_Work task:_ Below are some records. Copy every line in them that holds "roll".

Collection entries:
::::::
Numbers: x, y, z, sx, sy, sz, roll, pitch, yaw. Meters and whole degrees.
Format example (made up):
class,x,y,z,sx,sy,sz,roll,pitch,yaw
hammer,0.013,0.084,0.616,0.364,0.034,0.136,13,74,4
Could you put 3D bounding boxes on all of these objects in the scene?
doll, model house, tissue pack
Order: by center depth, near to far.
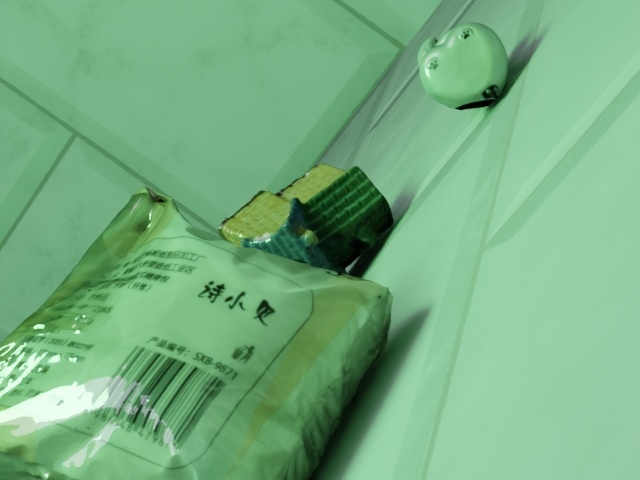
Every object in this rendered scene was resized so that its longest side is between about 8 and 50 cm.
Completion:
::::::
_Solution for this task:_
Numbers: x, y, z, sx, sy, sz, roll, pitch, yaw. Meters and whole degrees.
class,x,y,z,sx,sy,sz,roll,pitch,yaw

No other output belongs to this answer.